3Qs: An engineer’s breakdown of a landslide

Tom Sheahan

On March 22, a hillside collapsed near Oso, Wash., causing a 1,500-foot wide mudslide in what has been dubbed a “high-risk area” and which claimed at least two dozen lives. A mudslide, a subset of the larger category of landslides, occurs when rain has increased the water content of the soil and rock to the point where it is a highly viscous fluid, according to Tom Sheahan, professor and senior associate dean for academic affairs in the Department of Civil and Environmental Engineering. Here, Sheahan breaks down the anatomy of slides and offers potential preventative measures.

What is the anatomy of a landslide, and what factors increase their likelihood?

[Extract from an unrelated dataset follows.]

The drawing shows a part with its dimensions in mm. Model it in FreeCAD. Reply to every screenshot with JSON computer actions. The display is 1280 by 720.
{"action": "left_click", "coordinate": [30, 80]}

There are many types of landslides, but the one that occurred in Washington state appears to be a deep-seated slide that leaves a concave-shaped surface behind and a large debris flow in front of the slope that has collapsed. In this case, the debris tragically traveled over several houses, resulting in a loss of life and property damage. Slides are actually a fairly simple case of gravity—which makes the soil and/or rock want to move or flow downhill—overwhelming the ability of the soil or rock to resist that flow. Soil and rock use some combination of friction and cohesion (the ability of the soil/rock to stick together) to resist flows. The Washington state slide was a “perfect storm” in that heavy rains soaked into previously dry or drier than normal soils—this makes the soil heavier on the slope, creating more of a gravity driving force to create instability, and it reduces the those internal forces that the soil uses to resist movement. There is also some evidence that erosion around the base of the slope had removed some soil that may have provided resistance to instability.

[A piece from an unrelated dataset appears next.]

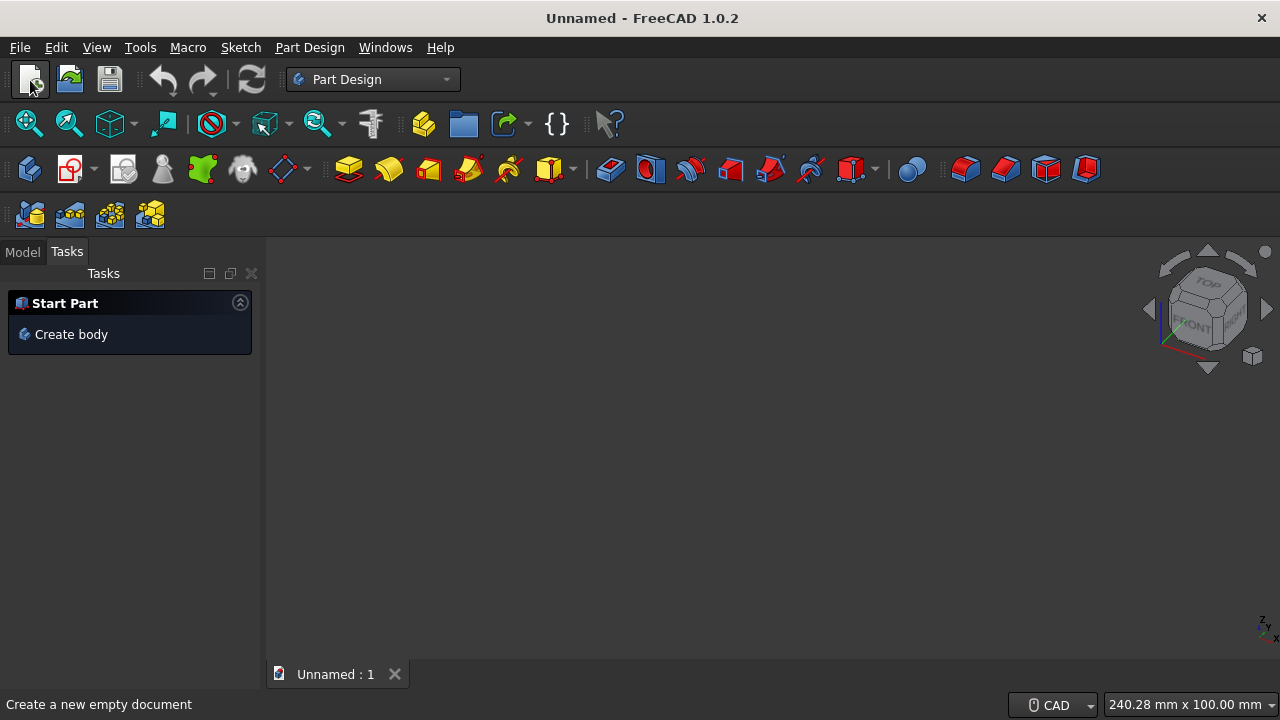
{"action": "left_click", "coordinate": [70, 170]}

What can be done from a civil engineering perspective to prevent them or mitigate their impact? Has your work addressed this topic?

There are a number of potential engineering “fixes,” but many of these are expensive and not always effective, especially for loose debris like that involved in the Washington state slide. Engineers and geologists often closely monitor potentially unstable slopes using a variety of traditional and more advanced methods, such as ground-penetrating radar. Retaining walls can be built to “catch” limited landslide debris. The most extensive remediation would be the installation of reinforcing inclusions in the sliding material to help increase its resistance to movement. It may be more effective to focus on policies and insurance practices, much like that now occurring in coastal flood zones. Policies can be implemented in these regions requiring such an assessment as part of any new development or property transfer (much like a house inspection when the house is sold).

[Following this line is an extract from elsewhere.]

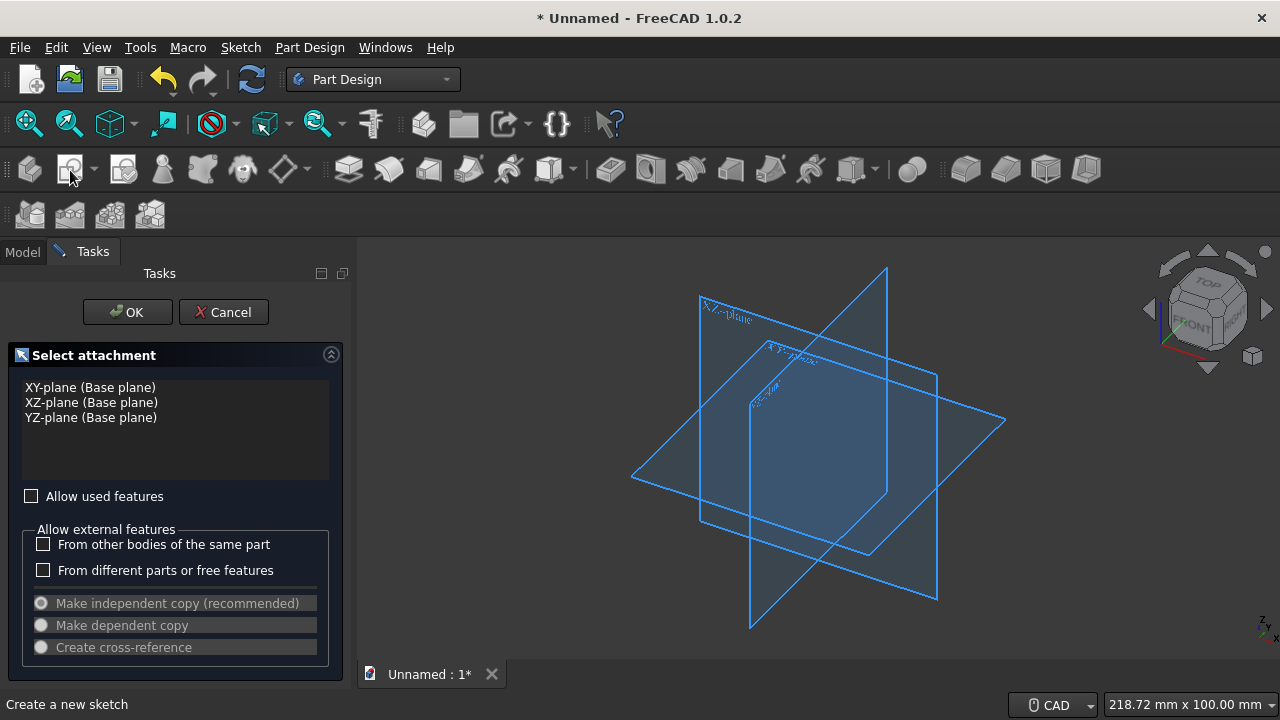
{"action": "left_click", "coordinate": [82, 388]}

Geologists and engineers typically have these potential slide areas mapped, but governing authorities and insurance companies may have to be more proactive in requiring certain precautions to be taken for new construction or renovations. This is related to my research on coastal sustainability adaptation since we’re looking at how to reduce the vulnerability of coastal development and populations to both extreme events (like Superstorm Sandy in 2012) and longer-term phenomena like sea-level rise.

What other projects or challenges does your primary work focus on, with regard to soil and other geo-environmental issues?

Besides the work I continue to do on offshore geohazards and adaptation of coastal areas to events and long-term changes, I’m involved in the PROTECT project led by my colleague, professor Akram Alshawabkeh in the Department of Civil and Environmental Engineering. This is funded by the National Institute of Environmental Health Sciences and seeks to explore the connection between groundwater contamination and high pre-term birthrates in Puerto Rico. We have also recently studied methods for cleaning up contaminated aquatic sediments using a variety of absorbing and transforming materials, including algae. It’s fascinating to have been trained as a traditional geotechnical engineer and now expand into new areas of research related to soils, contamination, and even public health.